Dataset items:
***
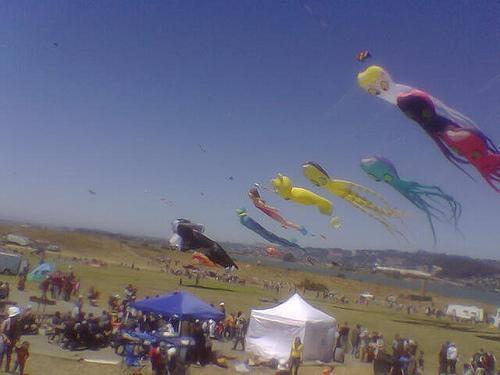How many large kites are in the sky?
Give a very brief answer. 8. How many tents are in this picture?
Give a very brief answer. 2. How many kites are there?
Give a very brief answer. 4. How many brown bench seats?
Give a very brief answer. 0.
***
» **WHAT YOU HAVE TO DO**
Transcribe each entry precisely as given, leaving the pictures out.

» **RESPONSE TO THE EXERCISE**
How many large kites are in the sky?
Give a very brief answer. 8. How many tents are in this picture?
Give a very brief answer. 2. How many kites are there?
Give a very brief answer. 4. How many brown bench seats?
Give a very brief answer. 0.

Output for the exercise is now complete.